Carlos Figueroa, un venezolano de 28 años, asegura: “Ya no (quiero ir a EE.UU.). Ya no es secreto que está todo cerrado. Ya de mi parte quisiera devolverme”. Lo dice en un albergue panameño, en una zona de la selva del Darién junto a miles de migrantes tras enterarse que EE.UU. cerró sus fronteras terrestres a todos los nacionales de Venezuela que lleguen por tierra.
“Eso son guerras psicológicas”, le interrumpe otro migrante en la estación de recepción migratoria de San Vicente -uno de los dos albergues humanitarios que mantiene el Gobierno de Panamá- al que llegan los transeúntes tras cruzar el Tapón de Darién, la peligrosa selva que comparten Panamá y Colombia como frontera, por la ruta de Canaan Membrillo durante casi una semana.
Figueroa se despide del ‘sueño americano’ porque en el albergue “para nadie es ya un secreto que la frontera está cerrada” y “todo el mundo ha visto las redes sociales”. “No hay peor ciego que el que no quiere ver. Entonces, invertir lo poco o mucho que uno tiene para quedarse en México botado, pues no tiene sentido”, se lamenta el joven venezolano.
El Gobierno de EE.UU. lanzó la pasada semana un programa que da estatus legal por dos años a los venezolanos que llegan en avión y expulsará de manera inmediata a quienes crucen por tierra la frontera con México, con la idea de frenar la masiva oleada migratoria de esa nacionalidad en curso.
Dentro de este programa no están incluidos los que ingresen irregularmente por Panamá, es decir, por el Darién, o por México y también los que han sido deportados en los últimos cinco años. Los que accedan legalmente a Estados Unidos deberán tener un ‘patrocinador’ que se encargue de ellos legal y económicamente.
Esta decisión ha dejado en un limbo a miles de migrantes que atravesaron la selva previo al anuncio del Gobierno estadounidense.
“Estamos intentando hablar con migración. Yo por mi parte dije que tengo mi dinero. Que nos brinden la facilidad de un vuelo para volver a Venezuela o yo tengo papeles en Perú. Lo que quiero es salir de aquí; mi familia está desesperada y preocupada”, relata Figueroa apesadumbrado.
No todos lo saben
En Bajo Chiquito, la localidad indígena panameña a la que llegan exhaustos los migrantes tras atravesar el Tapón del Darién, la reciente noticia aún es un “rumor”. Va de boca en boca con acento venezolano: Estados Unidos cerró la frontera con México para los ‘chamos’. “Señorita, ¿eso es verdad? ¿Qué ha dicho el presidente Biden? ¿Ya no podemos pasar?”, pregunta casi una decena de venezolanos a EFE.

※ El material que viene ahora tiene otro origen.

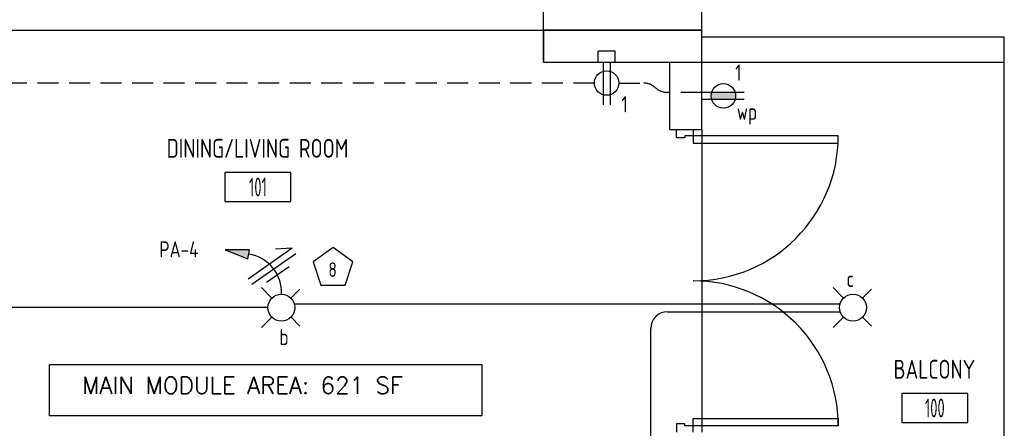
# Model space of a CAD drawing. Header units: inches. Extents: x 23373 to 33923, y 1540 to 5670.
# Tile 89 of 106: x 31844 to 32078, y 2612 to 2709. Entities that reach past the tile are written whole.
import ezdxf
from ezdxf.enums import TextEntityAlignment as Align

# ---------------------------------------------------------------- set-up
doc = ezdxf.new("R2010")
doc.units = ezdxf.units.IN
doc.header["$LTSCALE"] = 2
doc.header["$MEASUREMENT"] = 0
doc.linetypes.add('HIDDEN', pattern=[0.375, 0.25, -0.125])
doc.linetypes.add('HIDDEN2', pattern=[0.1875, 0.125, -0.0625])
doc.layers.get('0').update_dxf_attribs({"color": 8, "linetype": 'CONTINUOUS'})
for name, color, linetype in [('a-door', 8, 'CONTINUOUS'), ('eeLight-LINE', 5, 'CONTINUOUS'), ('eeLightDist', 200, 'CONTINUOUS'), ('eeRecepDist', 120, 'CONTINUOUS'), ('eeRecepLINE', 120, 'HIDDEN'), ('G-SYMB', 1, 'CONTINUOUS'), ('LABELS', 2, 'CONTINUOUS'), ('RECEP-DIST', 120, 'HIDDEN2'), ('TEXT', 2, 'CONTINUOUS'), ('Walls', 1, 'CONTINUOUS')]:
    doc.layers.add(name, color=color, linetype=linetype)
doc.styles.add('100-48', font='archstyl.shx', dxfattribs={"width": 0.9, "height": 4.8})
doc.styles.add('MED', font='archstyl.shx', dxfattribs={"width": 0.8, "height": 0.125})
doc.styles.get("Standard").update_dxf_attribs({"font": 'simplex.shx'})

# ---------------------------------------------------------------- blocks, each defined once
blk = doc.blocks.new('RECEP-gf')
at = {"layer": 'eeRecepDist'}
blk.add_hatch(color=256, dxfattribs=at).paths.add_polyline_path([(137.8165, 590.8342, 0.073698), (137.8191, 590.8518, 0.073698), (137.8165, 590.8693), (137.7006, 590.8693, 0.073698), (137.698, 590.8518, 0.073698), (137.7006, 590.8342)])
at = {"layer": 'eeRecepDist', "linetype": 'Continuous'}
for p, q in [((137.6553, 590.8693), (137.8662, 590.8693)), ((137.6553, 590.8342), (137.8662, 590.8342))]:
    blk.add_line(p, q, dxfattribs=at)
blk.add_circle((137.7585, 590.8518), 0.0606, dxfattribs=at)
blk = doc.blocks.new('Recep-1')
at = {"layer": 'eeRecepDist', "linetype": 'Continuous'}
for p, q in [((0, 0.0176), (0.2108, 0.0176)), ((0, -0.0176), (0.2108, -0.0176))]:
    blk.add_line(p, q, dxfattribs=at)
blk.add_circle((0.1032, 0), 0.0606, dxfattribs=at)
blk = doc.blocks.new('CEIL-LGT')
at = {"layer": 'eeLightDist', "linetype": 'ByBlock'}
for p, q in [((-0.0477, 0.0477), (-0.0991, 0.0991)), ((0.047, 0.047), (0.0916, 0.0916)), ((-0.047, -0.047), (-0.0987, -0.0987)), ((0.0477, -0.0477), (0.0918, -0.0918))]:
    blk.add_line(p, q, dxfattribs=at)
blk.add_circle((0, 0), 0.0667, dxfattribs=at)
blk = doc.blocks.new('HR LIGHT')
at = {"layer": 'eeLightDist', "linetype": 'Continuous'}
blk.add_hatch(color=256, dxfattribs=at).paths.add_polyline_path([(-0.2131, -0.2833), (-0.1716, -0.1701), (-0.2169, -0.1628)])
for p, q in [((-0.2169, -0.1628), (-0.2131, -0.2833)), ((-0.1716, -0.1701), (-0.2169, -0.1628)), ((-0.2131, -0.2833), (-0.1716, -0.1701))]:
    blk.add_line(p, q, dxfattribs=at)
at = {"layer": 'eeLightDist', "linetype": 'ByBlock'}
blk.add_arc((-0.0063, -0.1893), 0.1894, 88.0949, 173.0878, dxfattribs=at)
blk = doc.blocks.new('Wires')
at = {"layer": 'eeLightDist'}
for p, q in [((0, 0.1333), (0, -0.1333)), ((0.0333, 0.1333), (0.0333, -0.1333)), ((0.0333, 0.1333), (0.0768, 0.0641)), ((-0.0333, 0.0681), (-0.0333, -0.0681))]:
    blk.add_line(p, q, dxfattribs=at)
blk = doc.blocks.new('CAJA 4X4 RECEPT')
at = {"layer": 'eeRecepDist', "color": 9}
for p, q in [((24134, 2831.23), (24130, 2831.23)), ((24130, 2828.61), (24130, 2831.23)), ((24134, 2828.61), (24134, 2831.23)), ((24130, 2828.61), (24134, 2828.61))]:
    blk.add_line(p, q, dxfattribs=at)
blk = doc.blocks.new('AINC-ROOMID')
at = {"layer": 'G-SYMB'}
blk.add_lwpolyline([(-0.2473, -0.3519), (0.2533, -0.3519), (0.2533, -0.1607), (-0.2473, -0.1607)], close=True, dxfattribs=at)
at = {"layer": 'G-SYMB', "color": 4, "linetype": 'Continuous', "style": 'MED', "oblique": -180, "text_generation_flag": 6}
for tag, p in [('%%UROOM-ID', (0, 0.2093)), ('%%USPAN', (0, 0))]:
    blk.add_attdef(tag, text='', height=0.125, rotation=180, dxfattribs=at).set_placement(p, align=Align.MIDDLE)
at = {"layer": 'G-SYMB', "color": 4, "linetype": 'Continuous', "style": 'MED', "text_generation_flag": 6, "width": 0.75}
blk.add_attdef('R-NUM', text='', height=0.125, rotation=180, dxfattribs=at).set_placement((0.003, -0.2563), align=Align.MIDDLE)
blk = doc.blocks.new('*U5')
for points in [[(0, 0), (1.5, 0), (1.5, 2), (2, 2), (2, 4), (0, 4)], [(72, 0), (70.5, 0), (70.5, 2), (70, 2), (70, 4), (72, 4)]]:
    blk.add_lwpolyline(points)
for points in [[(3.25, 0), (3.25, -34.5), (1.5, -34.5), (1.5, 0)], [(68.75, 0), (68.75, -34.5), (70.5, -34.5), (70.5, 0)]]:
    blk.add_lwpolyline(points, close=True)
for centre, start, end in [((1.5, 0), 270, 0), ((70.5, 0), 180, 270)]:
    blk.add_arc(centre, 34.5, start, end)

msp = doc.modelspace()

# ---------------------------------------------------------------- linework, layer by layer
msp.add_line((31824.81231049, 2706.21600492), (31968.81231049, 2706.21600492))
at = {"color": 1}
for p, q in [((32078.43731049, 2578.59100536), (32078.43731049, 2698.59100536)), ((32006.43731049, 2682.59100536), (32006.43731049, 2646.59100536)), ((32006.43731049, 2646.59100536), (32006.43731049, 2610.59100536))]:
    msp.add_line(p, q, dxfattribs=at)
at = {"layer": 'eeLight-LINE', "ltscale": 10}
for p, q in [((31903.23731129, 2640.21600492), (31830.60562004, 2640.21600492)), ((31909.63731103, 2641.11895775), (32039.36734708, 2641.11895775)), ((31998.31628639, 2639.25688355), (32039.38442901, 2639.25688355)), ((31994.31628639, 2602.59100536), (31994.31628639, 2635.25688355))]:
    msp.add_line(p, q, dxfattribs=at)
msp.add_arc((31998.31628639, 2635.25688355), 4, 90, 180, dxfattribs=at)
at = {"layer": 'eeRecepLINE', "ltscale": 10}
for p, q in [((31980.90455831, 2693.63676289), (31820.35293978, 2693.63676289)), ((31986.72006268, 2693.63620963), (31992.69003312, 2693.63119355)), ((32006.43731049, 2691.43434135), (31998.19334929, 2691.43434135))]:
    msp.add_line(p, q, dxfattribs=at)
for centre, start, end in [((31992.68667225, 2689.63119496), 46.501575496, 89.9518590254), ((31998.19334929, 2695.43434135), 226.5015754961, 270)]:
    msp.add_arc(centre, 4, start, end, dxfattribs=at)
at = {"layer": 'RECEP-DIST', "linetype": 'Continuous'}
msp.add_lwpolyline([(31918.73032849, 2654.50249473), (31914.02375582, 2651.08296953), (31915.82150661, 2645.55006153), (31921.63915036, 2645.55006153), (31923.43690115, 2651.08296953)], close=True, dxfattribs=at)
at = {"layer": 'TEXT', "color": 2}
msp.add_lwpolyline([(31851.22432098, 2626.65086182), (31954.09086934, 2626.65086182), (31954.09086934, 2614.44232703), (31851.22432098, 2614.44232703)], close=True, dxfattribs=at)
at = {"layer": 'Walls'}
for p, q in [((32006.43731049, 2706.21600492), (32006.43731049, 2842.21600492)), ((31968.81231049, 2706.21600492), (31968.81231049, 2713.84100492)), ((32006.43731049, 2706.21600492), (31968.81231049, 2706.21600492)), ((31968.81231049, 2706.21600492), (31968.81231049, 2698.59100492)), ((31998.81231049, 2706.21600492), (31968.81231049, 2706.21600492)), ((31968.81231049, 2698.59100492), (31968.81231049, 2706.21600492)), ((31968.81231049, 2706.21600492), (32006.43731049, 2706.21600492)), ((32006.43731049, 2704.59100536), (32006.43731049, 2706.21600492)), ((32078.43731049, 2704.59100536), (32006.43731049, 2704.59100536)), ((32006.43731049, 2698.59100492), (32006.43731049, 2704.59100536)), ((32078.43731049, 2698.59100536), (32078.43731049, 2704.59100536)), ((31968.81231049, 2698.59100492), (31998.81231049, 2698.59100492)), ((31968.81231049, 2698.59100492), (32006.43731049, 2698.59100492)), ((31998.81231049, 2698.59100492), (31998.81231049, 2682.59100536)), ((32006.43731049, 2698.59100536), (32078.43731049, 2698.59100536)), ((32006.43731049, 2682.59100536), (32006.43731049, 2698.59100492)), ((31998.81231049, 2682.59100536), (32006.43731049, 2682.59100536))]:
    msp.add_line(p, q, dxfattribs=at)

# ---------------------------------------------------------------- block references
ref = msp.add_blockref('AINC-ROOMID', (31900.76164637, 2678.12351859), dxfattribs=dict(xscale=-31.40809428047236, yscale=-35.94597718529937, zscale=31.40809428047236, rotation=180))
ref.add_attrib('%%USPAN', 'DINING/LIVING ROOM', dxfattribs={"layer": 'G-SYMB', "color": 4, "linetype": 'Continuous', "height": 4.4932471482, "rotation": 180, "style": 'MED', "text_generation_flag": 6, "width": 0.873758}).set_placement((31900.76164637, 2678.12351859), align=Align.MIDDLE)
ref.add_attrib('R-NUM', '101', dxfattribs={"layer": 'G-SYMB', "color": 4, "linetype": 'Continuous', "height": 4.493247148, "rotation": 180, "style": 'MED', "text_generation_flag": 6, "width": 0.655319}).set_placement((31900.85511613, 2668.91057384), align=Align.MIDDLE)
ref = msp.add_blockref('AINC-ROOMID', (32061.81504075, 2625.55525507), dxfattribs=dict(xscale=-31.40809428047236, yscale=-35.94597718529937, zscale=31.40809428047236, rotation=180))
ref.add_attrib('%%USPAN', 'BALCONY', dxfattribs={"layer": 'G-SYMB', "color": 4, "linetype": 'Continuous', "height": 4.493247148, "rotation": 180, "style": 'MED', "text_generation_flag": 6, "width": 0.873758}).set_placement((32061.81504075, 2625.55525507), align=Align.MIDDLE)
ref.add_attrib('R-NUM', '100', dxfattribs={"layer": 'G-SYMB', "color": 4, "linetype": 'Continuous', "height": 4.493247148, "rotation": 180, "style": 'MED', "text_generation_flag": 6, "width": 0.655319}).set_placement((32061.90851052, 2616.34231032), align=Align.MIDDLE)
at = {"layer": 'a-door', "color": 2, "linetype": 'Continuous', "lineweight": -3, "rotation": 89.99999999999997}
msp.add_blockref('*U5', (32004.43731182, 2610.59100536), dxfattribs=at)
at = {"layer": 'eeLight-LINE'}
msp.add_blockref('CAJA 4X4 RECEPT', (7851.81377197, -129.96761716), dxfattribs=at)
for name, p, xscale, yscale, zscale, rotation in [('Wires', (31904.65218447, 2649.3537047), -48.00000000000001, 48, 48, 304.9112682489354), ('HR LIGHT', (31906.43731116, 2643.41600479), 48.00000000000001, 48.00000000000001, 48.00000000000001, 268.6959708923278)]:
    msp.add_blockref(name, p, dxfattribs=dict(at, xscale=xscale, yscale=yscale, zscale=zscale, rotation=rotation))
at = {"layer": 'eeLightDist', "xscale": 48, "yscale": 48, "zscale": 48}
for p in [(31906.43731116, 2640.21600492), (32042.43731049, 2640.21600492)]:
    msp.add_blockref('CEIL-LGT', p, dxfattribs=at)
at = {"layer": 'eeRecepDist', "xscale": 48, "yscale": 48, "zscale": 48}
for name, p, rotation in [('Recep-1', (31983.81278185, 2698.59108515), 269.9945491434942), ('RECEP-gf', (38624.0131313, 31051.47640702), 180)]:
    msp.add_blockref(name, p, dxfattribs=dict(at, rotation=rotation))

# ---------------------------------------------------------------- texts
at = {"layer": 'eeLight-LINE', "color": 4, "style": '100-48', "width": 0.9}
for s, p in [('PA-4', (31877.40681054, 2652.1614967)), ('c', (32040.88745994, 2645.13192551)), ('b', (31905.97992462, 2631.30360662))]:
    msp.add_text(s, height=3.84, dxfattribs=at).set_placement(p)
at = {"layer": 'eeRecepDist', "style": '100-48', "width": 0.9}
for s, p in [('1', (32014.41770749, 2694.20265995)), ('1', (31987.37302503, 2686.66830169)), ('wp', (32014.80228634, 2684.91610594))]:
    msp.add_text(s, height=3.84, dxfattribs=at).set_placement(p)
at = {"layer": 'LABELS', "style": '100-48', "width": 0.9}
msp.add_text('8', height=3.48769622, dxfattribs=at).set_placement((31917.60792042, 2647.51874982))
at = {"layer": 'TEXT', "color": 2, "insert": (31859.04048849, 2623.72280828), "char_height": 4.0006921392, "width": 137.254255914, "attachment_point": 1}
msp.add_mtext('{\\Fromans|c0;MAIN MODULE AREA: 621 SF}', dxfattribs=at)

doc.saveas('drawing.dxf')

Los rostros se desfiguraban y la ansiedad se dejaba ver con el temblor de las manos, mientras tartamudeando intentaban formular la pregunta que tanto pánico provoca: no saben si ha merecido la pena cruzar durante días el paso migratorio más peligroso del mundo.
No hay señal de telecomunicaciones en Bajo Chiquito, por tanto, no hay forma de verificar la noticia. El Servicio Nacional de Fronteras (Senafront), la fuerza de seguridad militarizada especializada que custodia los límites de Panamá, no debe dar información.
Su función, que se extrapola de sus verdaderos deberes, es brindar protección y seguridad -un tipo de ayuda humanitaria- a los miles de migrantes irregulares que llegan destrozados de la jungla.
Ola interminable
A Bajo Chiquito llega una media de 1 500 migrantes diariamente, pero hay jornadas en que la cifra supera los 2 000, según cuenta a EFE el Senafront. En lo que va de año, 187 644 transeúntes han atravesado la jungla, por cualquiera de sus dos rutas.
La mayoría (más del 70%) son venezolanos, pero también hay procedentes de Haití, Bangladesh, India, Somalia, Colombia y hasta de Filipinas, según datos facilitados por la Organización Internacional para las Migraciones (OIM). El año pasado, la mayoría de quienes se atrevían a realizar el cruce eran haitianos.
La cifra récord y elevadísima comparada con los años anteriores, ha llevado a las autoridades panameñas a solicitar formalmente ayuda a todo el continente.
Los migrantes arriban a ese pequeño pueblo sucios, mojados, temblando (de miedo y de fiebre), enfermos y desesperados, tras haber caminando entre dos días – los más rápidos – y seis días el Darién desde Colombia.
Su esperanza es llegar a EE.UU. para “trabajar” huyendo del “hambre que les mata” en Venezuela, país al que les “duele” ver sumido en una crisis sin luz al final del túnel, según reportan. “Yo lo que quiero es salir ya”, concluye Figueroa, decepcionado al renunciar a las esperanzas de una mejor calidad de vida.